## Q. 3.14

Converging–Diverging Nozzle Flow

Consider ideal gas flow in a converging-diverging nozzle ($\rm A_{throat} =10\, cm^2$ and $\rm A_{exit} =40\, cm^2$), fed by a reservoir ($\rm T_0$ =20°C, $\rm p_0$ = 500 kPa absolute). Determine the nozzle exit pressures such that M=1 in $\rm A_{throat} ≡ A^*$ . Specifically, a varying receiver pressure, $\rm p_r$, can produce different mass flow rates and throat conditions (see Sketch)

Sketch:

Note: Receiver (or back) pressure pr can be regulated via a valve and vacuum pump

## Verified Solution

Clearly, when $\rm p_r = p_0$ (see Curve A), no flow can occur.

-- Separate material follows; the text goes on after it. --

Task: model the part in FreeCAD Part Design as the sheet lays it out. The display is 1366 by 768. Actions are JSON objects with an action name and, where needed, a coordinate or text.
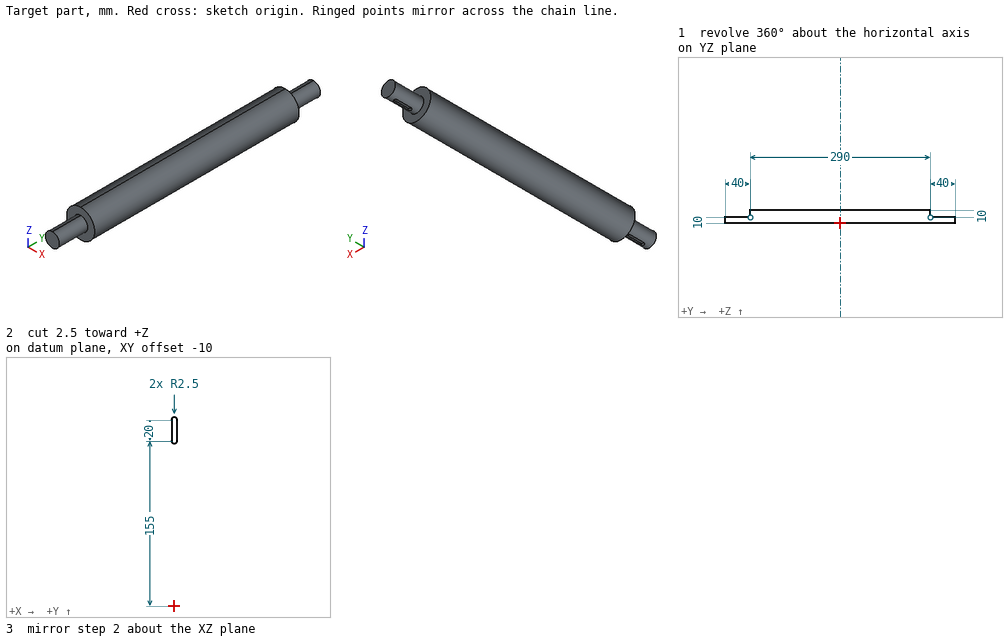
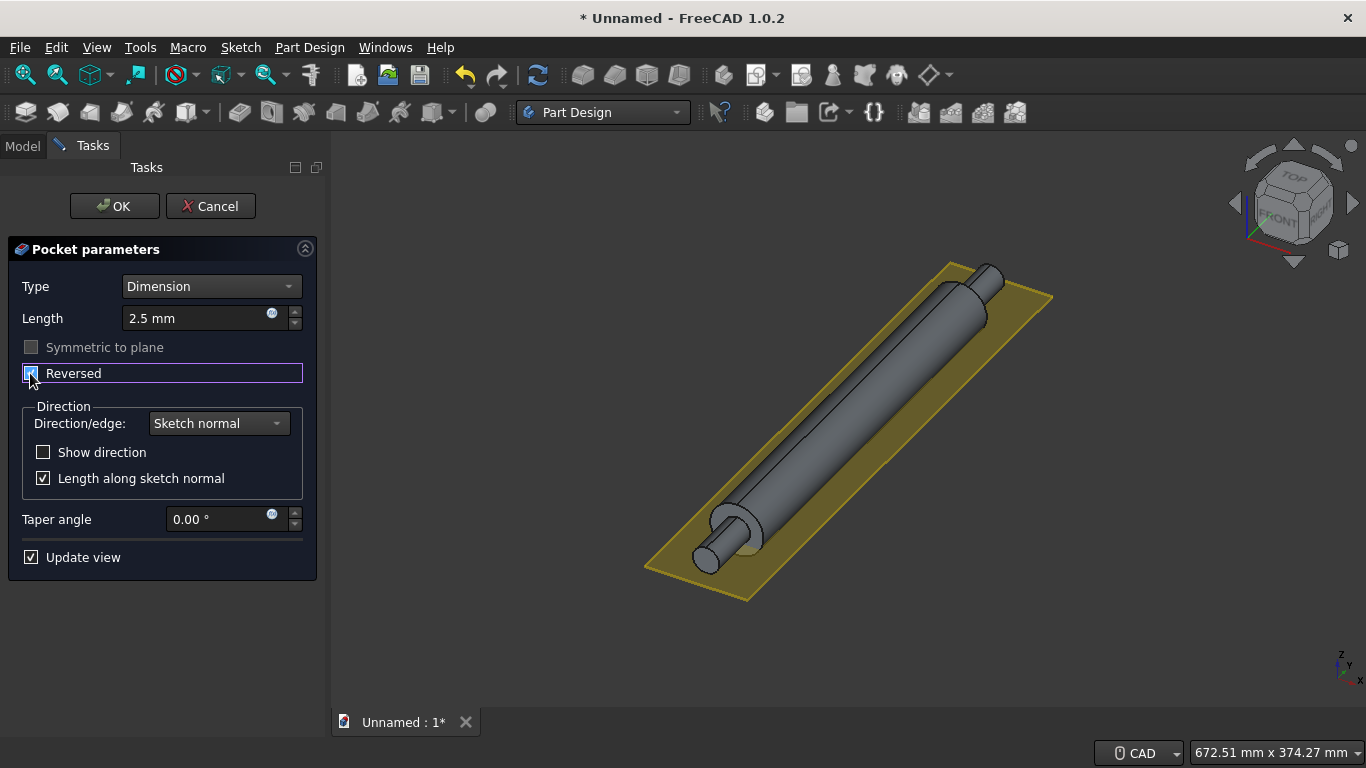
{"action": "left_click", "coordinate": [115, 206]}

If $\rm p_r$ is slightly lower than $\rm p_0$, subsonic flow occurs (see Curve B). Lowering $\rm p_r$ further results in a pressure distribution $\rm p(x)/p_0$ (see Curve C) where M = 1 in the throat. Now, a second particular $\rm p_r$ – value generates again subsonic flow with M = 1 in the throat, i.e., Curve D, because there are two solutions to Eq. (3.57) for $\rm M_{exit}$ or for that matter to Eq. (3.62).

$\rm\frac{p_0}{p} =\left\lgroup1+\frac{k-1}{2}M^2 \right\rgroup ^{\frac{k}{k-1} }$                                (3.57)

$\rm\frac{A^*}{A} =M\left[\frac{k+1}{2+(k-1)M^2} \right] ^{\frac{k+1}{2(1-k)} }$                              (3.62)

Given $\rm A_{exit} / A_{throat} ≡ A / A^*= 40 /10 =4$ and using Eq. (3.62), two $\rm M_e$ – values can be obtained via trial-and-error, i.e., $\rm M_e ≈ 0.147$  and $\rm M_e ≈ 2.94$ . Employing Eq. (3.57), the corresponding exit pressures are

$\rm p_e\equiv p_r\hat =p_c=0.985p_0~\text{and}~p_D=0.0298p_0$

or with $\rm p_0$ = 500 kPa

$\rm p_c=492.5\,kPa~\text{and}~p_D=15\,kPa$

Graph:

• To generate Curve C, the pressure drop is only $\rm p_0 − p_c$ =7.5 kPa
• The associated exit temperature conditions are $\rm T_c$ =292 K and $\rm T_D$ = 107 K
$\rm v_c=M_c\sqrt{kRT_c}=50\,m/s$
$\rm v_D=M_D\sqrt{kRT_D}=610\,m/s$
• Any outlet pressure in the range of $\rm p_c < p_r < p_D$ , generating pressure distributions $\rm p(x)/p_0$ between Curves C and D, produce shock waves inside or outside the diverging part of the nozzle and the flow is generally non-isentropic.